Nun ist das mit den Israelis und den Palästinensern so eine Sache: erstens sind sie auf der anderen Seite des Mittelmeeres und ich habe ja so meine Schwierigkeiten, wenn man sich in Konflikte anderer Leute dergestalt einmischt, dass man Partei ergreift. Wie man eigentlich wissen könnte, ist das bei Konflikten meist so, dass nicht die Einen Recht und die Anderen Unrecht haben, auf welche Seite soll man sich also stellen? Auf die Richtige natürlich! Klar, sowieso, genau!
Es gibt ja viele gut Gründe, israelische Politik zu kritisieren, die Siedlungspolitik beispielsweise, die einen Kompromiss über Land & Wasser zunehmend erschwert, oder oder …
Es ist auch richtig, dass in diesem Konflikt die Israelis die Stärkeren sind, nur kann man sich dann einfach, wenn auch nur symbolisch, auf die Seite der Schwächeren schlagen?

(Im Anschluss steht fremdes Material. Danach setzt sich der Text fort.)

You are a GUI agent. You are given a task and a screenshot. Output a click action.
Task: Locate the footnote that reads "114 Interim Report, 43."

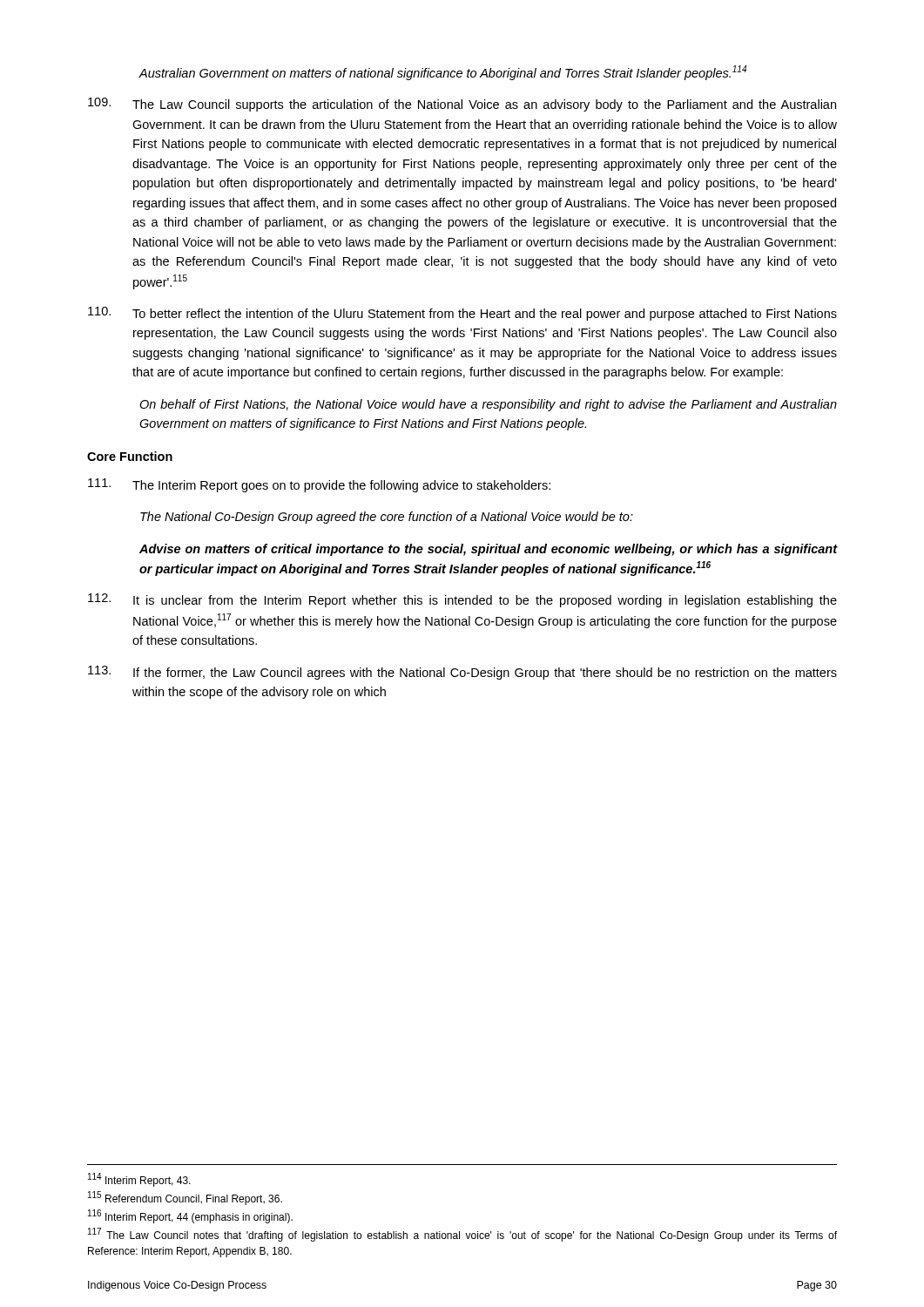coord(139,1179)

Was ich damit sagen will: ich habe so meine Schwierigkeiten mit dem Tragen der Kufiya habe, auch und gerade, wenn es nur ein modisches Accessoire ist und der Träger über den Hintergrund nichts weiß.
Sago habe ich als Kind einmal probiert und dann nie wieder. Irgendwelche Fruchtsäfte wurden mit Zucker und eben Perlsago aufgekocht und es entstand ein dicker, süßer Schleim. Örks! Meine Mutter meinte, dass Kinder doch Süßes mögen und folglich würde mir auch Sago schmecken. Die These hat nicht hingehauen, Graupen seien gesund und wohlschmeckend, war auch so eine These, die bei mir nicht verfangen hat. Man kann den Perlsago auch mit Milch und Zucker aufkochen, wenn Sahne zu teuer ist und daraus eine Art Pannacotta herstellen. Schmeckt auch ziemlich scheiße. Sago hat noch einen Nachteil: die Kügelchen oder Klümpchen lösen sich nicht vollständig auf und so entsteht … Ich glaube, hier sollte ich die Schilderung abbrechen. Fassen wir zusammen: Nicht schön, nicht wohlschmeckend und die Konsistenz ist nur was für die ganz Harten.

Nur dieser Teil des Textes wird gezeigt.